» WORK TASK: Repeat exactly the line with "Write the answer" and each line after it to the end of the data below; pictures stay out.

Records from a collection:
-=-=-

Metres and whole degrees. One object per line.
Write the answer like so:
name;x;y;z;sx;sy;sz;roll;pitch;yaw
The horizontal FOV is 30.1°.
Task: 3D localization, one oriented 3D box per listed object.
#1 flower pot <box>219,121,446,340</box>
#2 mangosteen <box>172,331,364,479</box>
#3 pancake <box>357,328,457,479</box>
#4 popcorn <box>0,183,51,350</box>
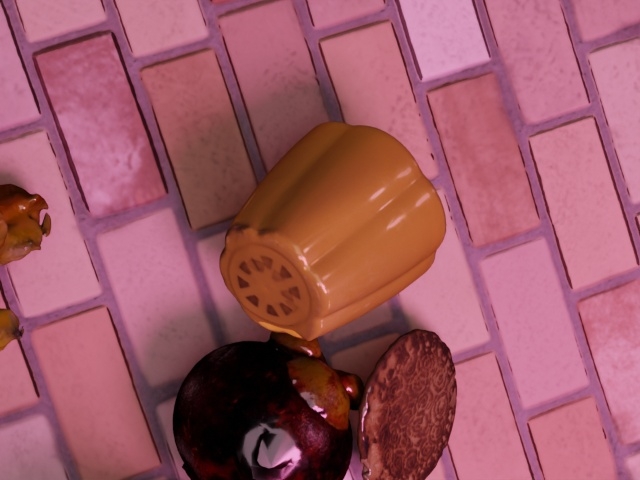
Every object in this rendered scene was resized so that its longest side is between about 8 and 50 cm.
flower pot;0.000;0.000;1.211;0.179;0.195;0.195;-39;100;-40
mangosteen;-0.052;0.191;1.237;0.210;0.210;0.210;0;93;-11
pancake;0.096;0.189;1.292;0.199;0.021;0.199;-18;113;-51
popcorn;-0.415;0.000;1.099;0.290;0.321;0.326;-37;80;-7

-=-=-

» ANSWER TO THIS EXERCISE:
Write the answer like so:
name;x;y;z;sx;sy;sz;roll;pitch;yaw
The horizontal FOV is 30.1°.
Task: 3D localization, one oriented 3D box per listed object.
#1 flower pot <box>219,121,446,340</box>
#2 mangosteen <box>172,331,364,479</box>
#3 pancake <box>357,328,457,479</box>
#4 popcorn <box>0,183,51,350</box>
Every object in this rendered scene was resized so that its longest side is between about 8 and 50 cm.
flower pot;0.000;0.000;1.211;0.179;0.195;0.195;-39;100;-40
mangosteen;-0.052;0.191;1.237;0.210;0.210;0.210;0;93;-11
pancake;0.096;0.189;1.292;0.199;0.021;0.199;-18;113;-51
popcorn;-0.415;0.000;1.099;0.290;0.321;0.326;-37;80;-7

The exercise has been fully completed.